Von den 30 größten deutschen Firmen haben 23 mindestens ein weibliches Vorstandsmitglied. Der Schritt ganz nach oben zur Vorstandschefin ist ihnen bislang allerdings verwehrt geblieben. Anders im SDax der 70 kleineren Unternehmen: Dort haben mittlerweile vier Unternehmen eine weibliche Vorstandsvorsitzende: DIC Asset, Hamburger Hafen und Logistik, MediGene und GrenkeLeasing.

Besonders häufig sind Frauen in den Chefetagen von Telekommunikationsunternehmen anzutreffen, wo ihr Anteil bei 16 Prozent liegt. An zweiter und dritter Stelle folgen die Finanzbranche (13 Prozent) und Logistikunternehmen (zwölf Prozent). Im Handel, wo besonders viele Frauen arbeiten, liegt der Frauenanteil in der Führungsetage hingegen gerade einmal bei drei Prozent.

Wenn es darum gehe, Frauen auf allen Ebenen in Führungspositionen zu bringen, werde einmal mehr deutlich, dass "nur verbindliche Vorgaben wirken", erklärte die stellvertretende Vorsitzende des Deutschen Gewerkschaftsbundes (DGB), Elke Hannack. Wo die gesetzlich vorgeschriebene Quote gelte, greife sie auch. 

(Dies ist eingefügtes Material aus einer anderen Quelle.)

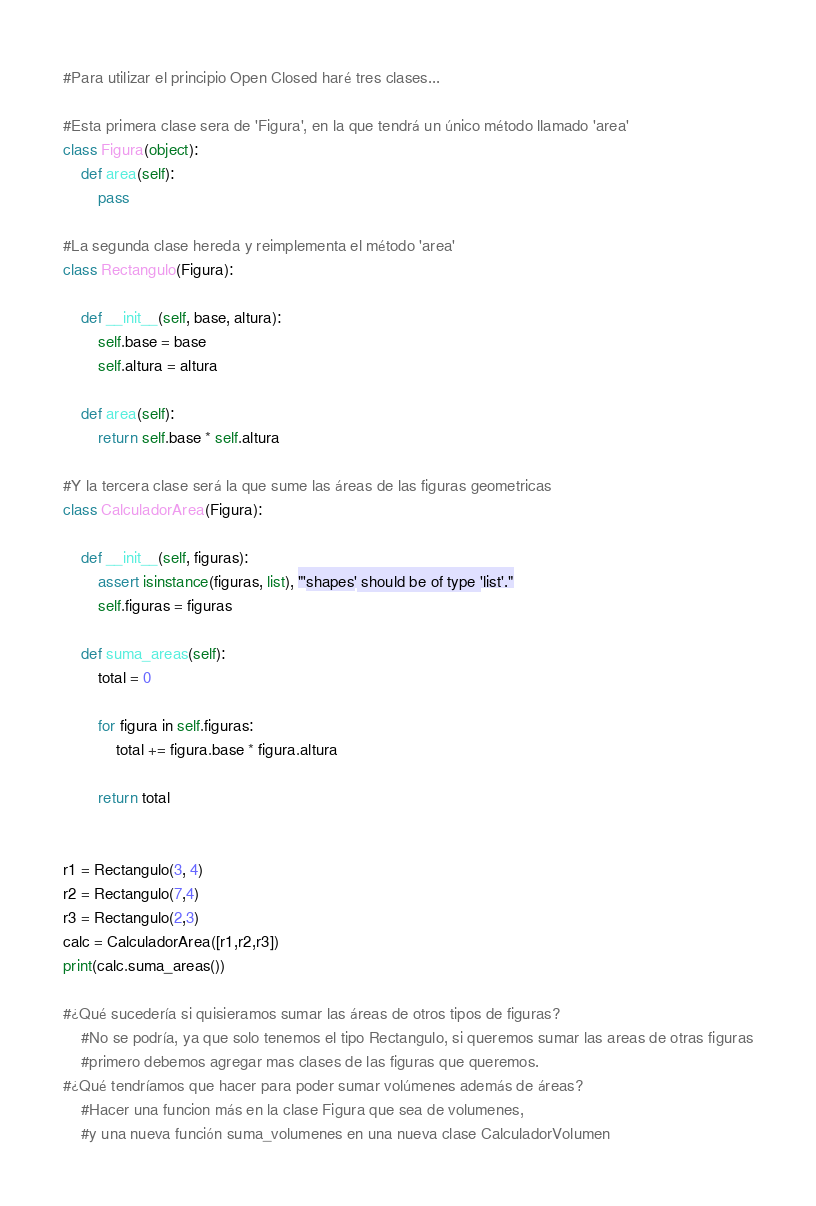Convert code to text. <code><loc_0><loc_0><loc_500><loc_500><_Python_>#Para utilizar el principio Open Closed haré tres clases...

#Esta primera clase sera de 'Figura', en la que tendrá un único método llamado 'area'
class Figura(object):
    def area(self):
        pass

#La segunda clase hereda y reimplementa el método 'area'
class Rectangulo(Figura):

    def __init__(self, base, altura):
        self.base = base
        self.altura = altura

    def area(self):
        return self.base * self.altura

#Y la tercera clase será la que sume las áreas de las figuras geometricas
class CalculadorArea(Figura):

    def __init__(self, figuras):
        assert isinstance(figuras, list), "'shapes' should be of type 'list'."
        self.figuras = figuras

    def suma_areas(self):
        total = 0

        for figura in self.figuras:
            total += figura.base * figura.altura

        return total


r1 = Rectangulo(3, 4)
r2 = Rectangulo(7,4)
r3 = Rectangulo(2,3)
calc = CalculadorArea([r1,r2,r3])
print(calc.suma_areas())

#¿Qué sucedería si quisieramos sumar las áreas de otros tipos de figuras?
    #No se podría, ya que solo tenemos el tipo Rectangulo, si queremos sumar las areas de otras figuras
    #primero debemos agregar mas clases de las figuras que queremos.
#¿Qué tendríamos que hacer para poder sumar volúmenes además de áreas?
    #Hacer una funcion más en la clase Figura que sea de volumenes,
    #y una nueva función suma_volumenes en una nueva clase CalculadorVolumen</code> 
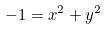<formula> <loc_0><loc_0><loc_500><loc_500>- 1 = x ^ { 2 } + y ^ { 2 }</formula> 
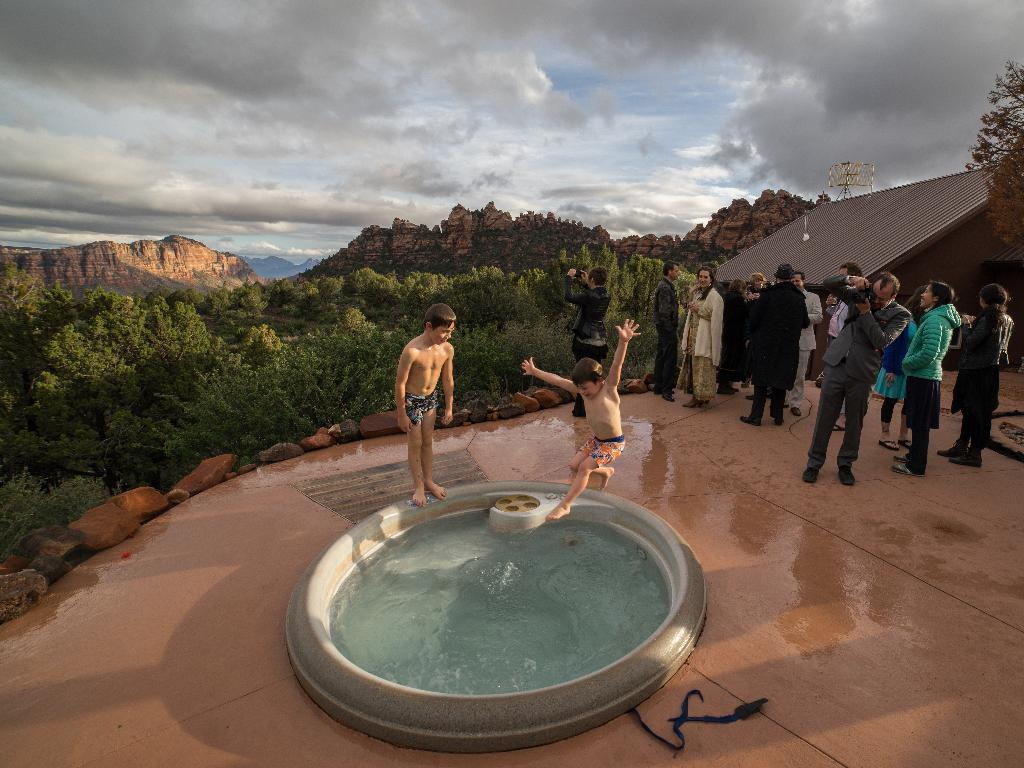What is located in the foreground of the image? There is a pool in the foreground of the image. What are the two boys in the image doing? The two boys are jumping into the pool. What can be seen in the background of the image? There are people standing, a building, trees, mountains, and the sky visible in the background of the image. Can you describe the sky in the image? The sky is visible in the background of the image, and there is a cloud present. What type of writing can be seen on the pipe in the image? There is no pipe present in the image, so no writing can be observed. 
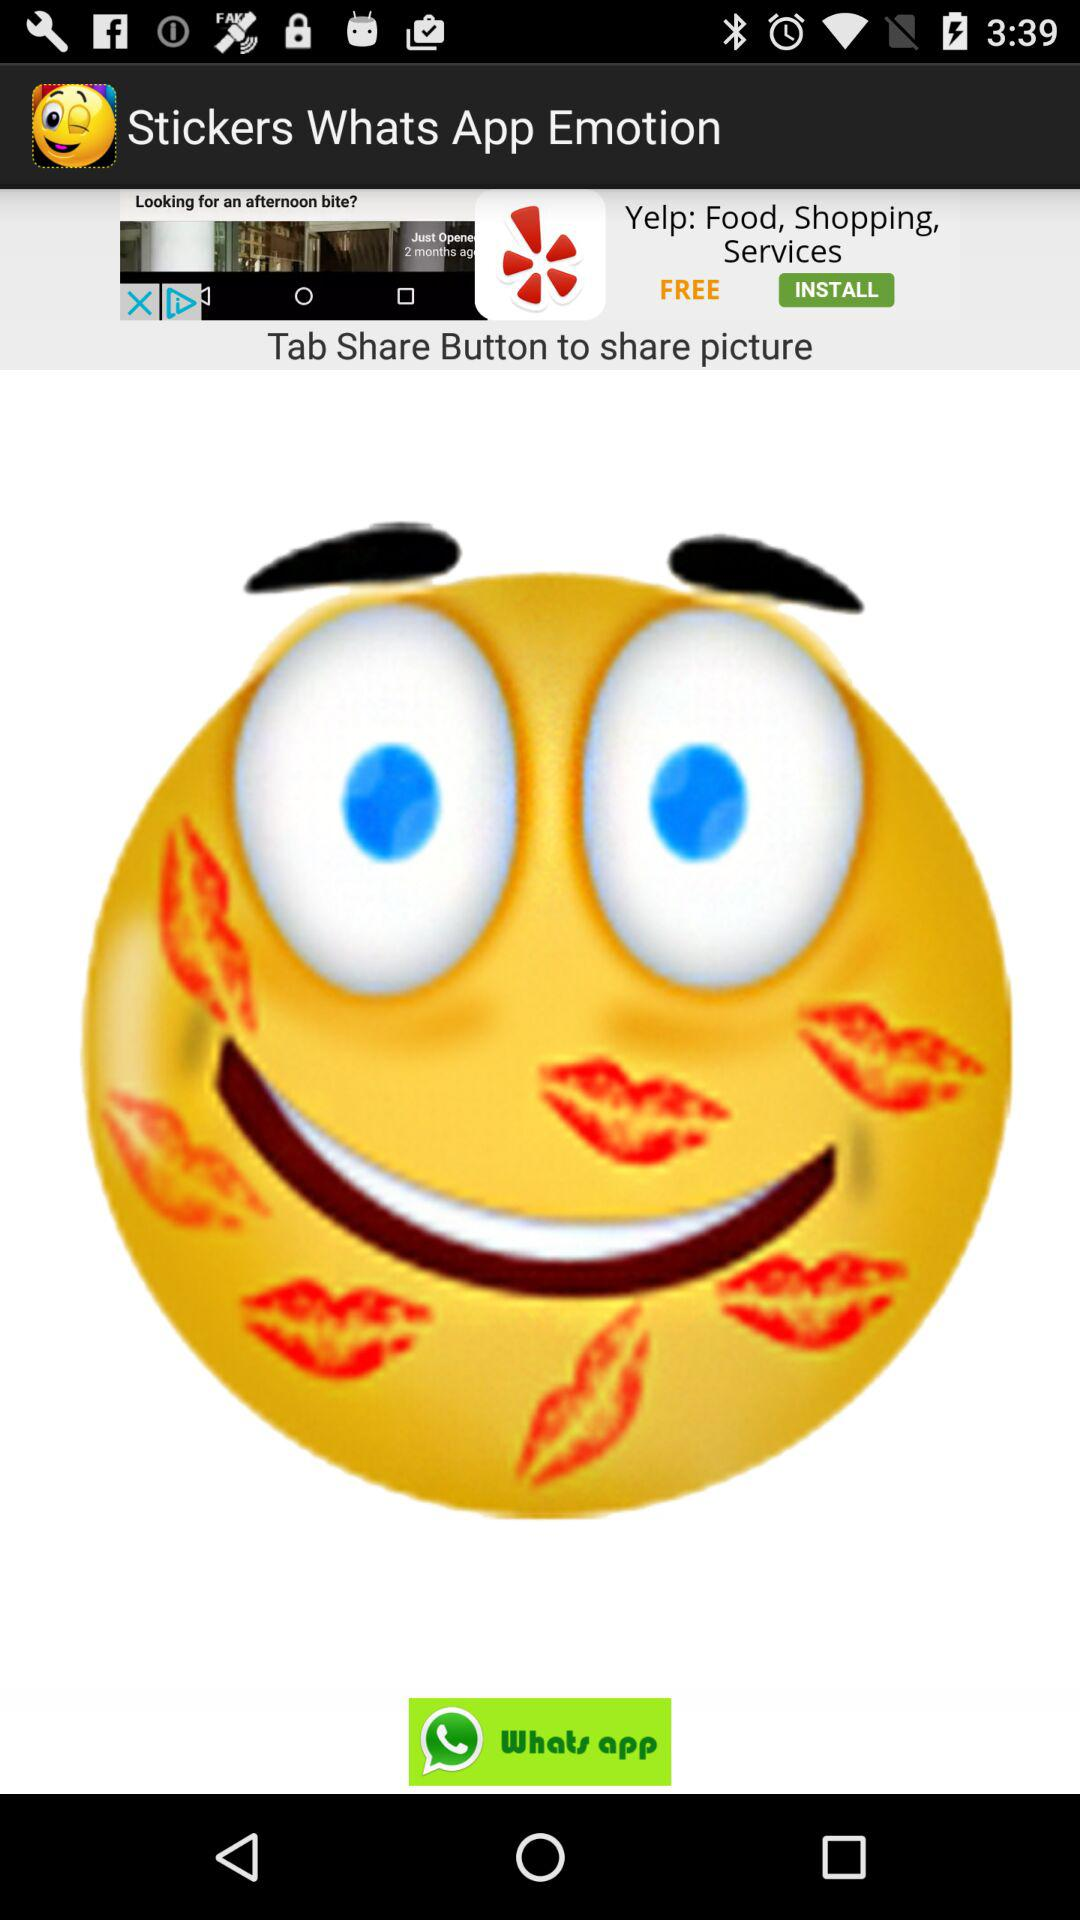What is the application name? The application name is "Stickers Whats App Emotion".

"Aber leider zeigt sich mit Blick auf die männerdominierten Vorstände erneut, dass freiwillige Zielvereinbarungen von den Verantwortlichen nicht ernst genommen werden", kritisierte Hannack. Nötig seien Sanktionen dort, wo Regeln nicht eingehalten würden. Das müsse von den Koalitionspartnern umgesetzt werden.